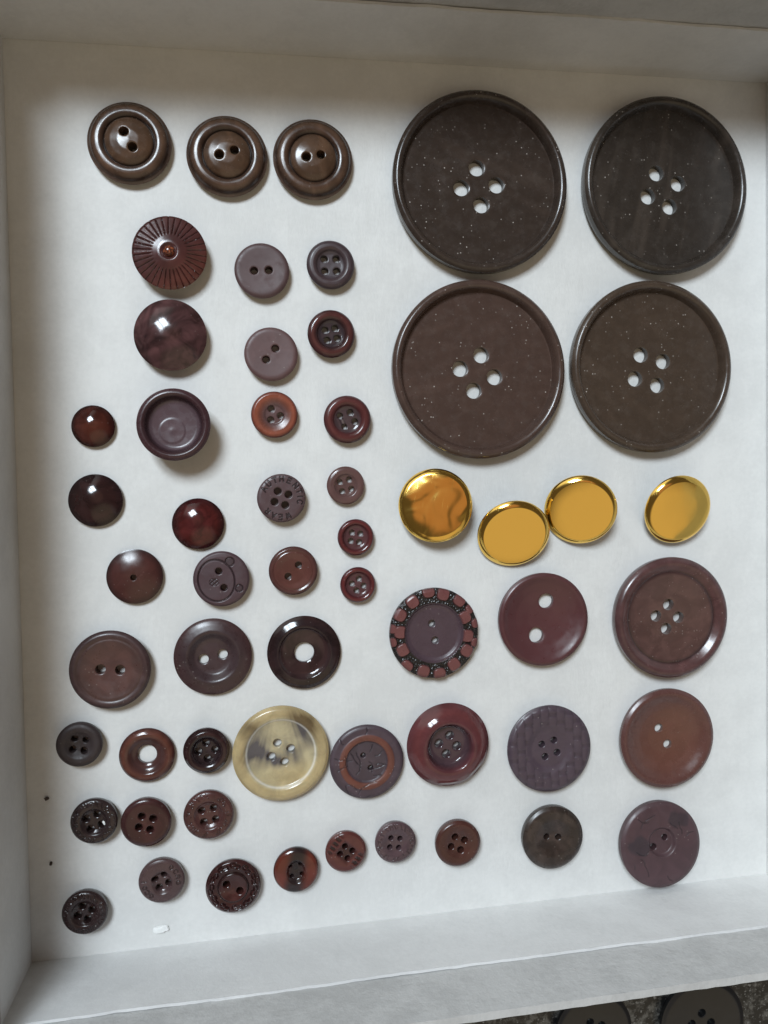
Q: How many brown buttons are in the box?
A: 51
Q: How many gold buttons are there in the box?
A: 4
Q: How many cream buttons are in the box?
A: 1
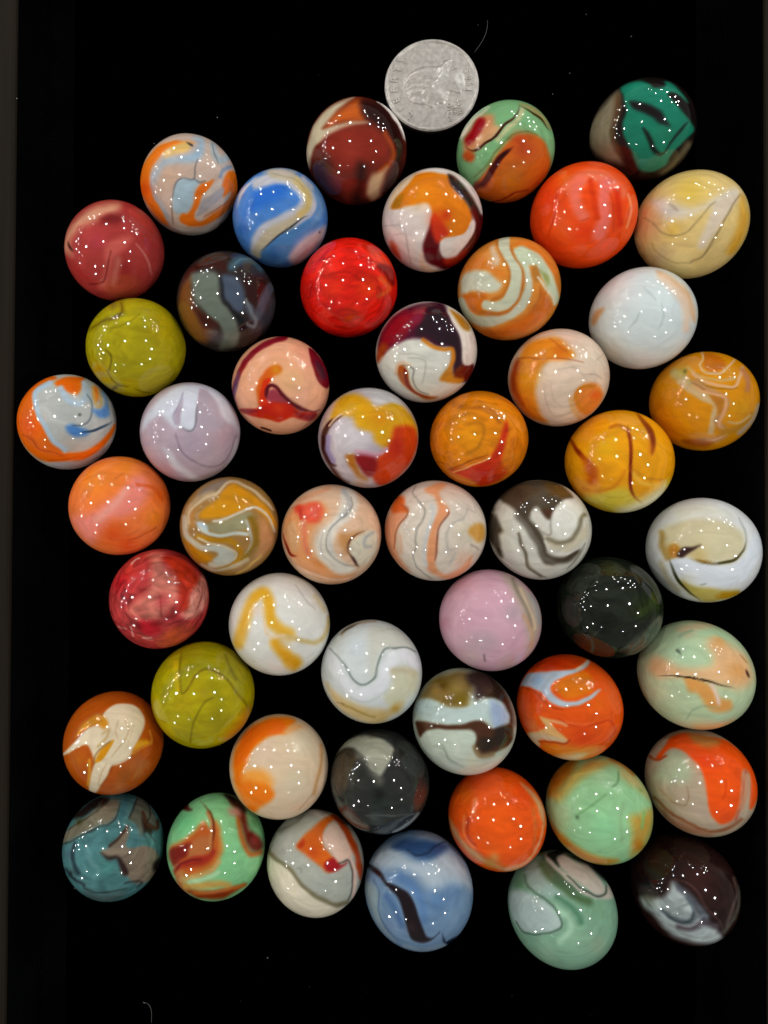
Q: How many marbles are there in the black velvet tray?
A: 50
════════════════
— Try it —
Please retype all the entries word for word, omitting the pictures.

— Your response —
Q: How many brown buttons are in the box?
A: 51
Q: How many gold buttons are there in the box?
A: 4
Q: How many cream buttons are in the box?
A: 1
Q: How many marbles are there in the black velvet tray?
A: 50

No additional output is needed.